Que s'agissant des procédures connexes engagées, la société Brice Berger Création qui a pu se méprendre sur l'étendue et la portée de ses droits ne saurait se voir reprocher par la société Séraphin d'avoir abusivement agi en justice.

Considérant que l'infirmation partielle du jugement déféré ne permet pas à la société Brice Berger Création de prétendre que la société Séraphin a agi à son encontre avec " une particularité légèreté et une singulière mauvaise foi " et qu'elle lui a causé les divers préjudices qu'elle invoque.

- Sur la mesure de publication

Considérant qu'elle devra être confirmée comme il sera indiqué dans le dispositif du présent arrêt.
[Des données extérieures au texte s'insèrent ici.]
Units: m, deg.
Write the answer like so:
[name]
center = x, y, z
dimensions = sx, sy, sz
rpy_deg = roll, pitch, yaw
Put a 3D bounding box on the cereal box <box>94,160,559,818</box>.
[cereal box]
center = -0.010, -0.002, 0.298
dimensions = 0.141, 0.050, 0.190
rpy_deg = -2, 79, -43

- Sur les frais hors dépens

Considérant qu'il apparaît inéquitable de laisser à la charge de la société Séraphin la totalité des frais qu'elle a dû engager en cause d'appel qui ne sont pas compris dans les dépens et qu'il convient de compenser à hauteur de la somme de 25 000 F.
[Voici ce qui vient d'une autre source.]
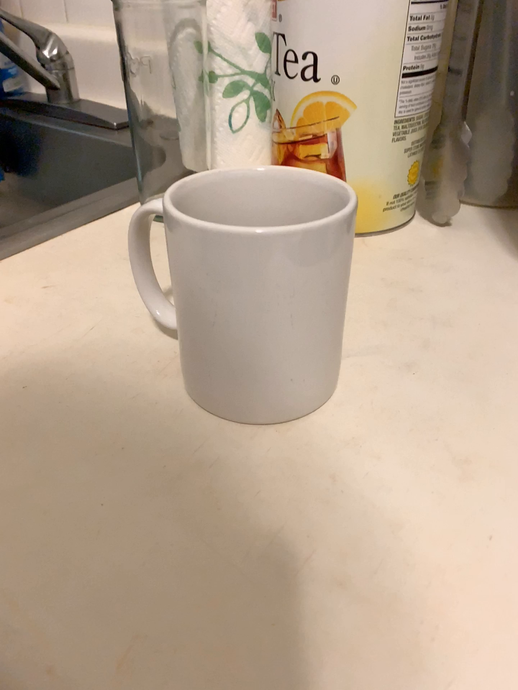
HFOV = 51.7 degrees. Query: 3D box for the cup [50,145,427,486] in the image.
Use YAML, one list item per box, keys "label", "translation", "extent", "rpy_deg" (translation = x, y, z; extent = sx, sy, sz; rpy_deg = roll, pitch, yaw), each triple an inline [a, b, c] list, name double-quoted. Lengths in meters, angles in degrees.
- label: "cup"
  translation: [-0.007, -0.024, 0.267]
  extent: [0.140, 0.109, 0.090]
  rpy_deg: [16, 38, 21]

Par ces motifs : Confirme le jugement rendu le 13 décembre 1996 par le tribunal de commerce de Paris en toutes ses dispositions, à l'exception de celles portant sur les actes de contrefaçon et sur la réparation du préjudice subi par la société Séraphin. L'infirme de ce chef, et statuant à nouveau, Dit que le modèle de blouson référencé B52 dans la collection de la société Séraphin n'est pas original et ne peut bénéficier de la protection au titre du droit d'auteur, Dit que la société Brice Berger Création a commis des actes de concurrence déloyale à l'encontre de la société Séraphin, Condamne en conséquence la société Brice Berger Création à payer à la société Séraphin la somme de 250 000 F à titre de dommages et intérêts, Dit que le dispositif du présent arrêt sera publié en entier dans les conditions fixées par le jugement frappé d'appel, Rejette toute demande autre, contraire ou plus ample des parties, Condamne la société Brice Berger Création à payer à la société Séraphin la somme de 25 000 F en application de l'article 700 du Nouveau code de procédure civile, Condamne la société Brice Berger Création aux entiers dépens d'appel dont distraction au profit de la SCP d'Avoués Annie Baskal dans les conditions de l'article 699 du Nouveau code de procédure civile.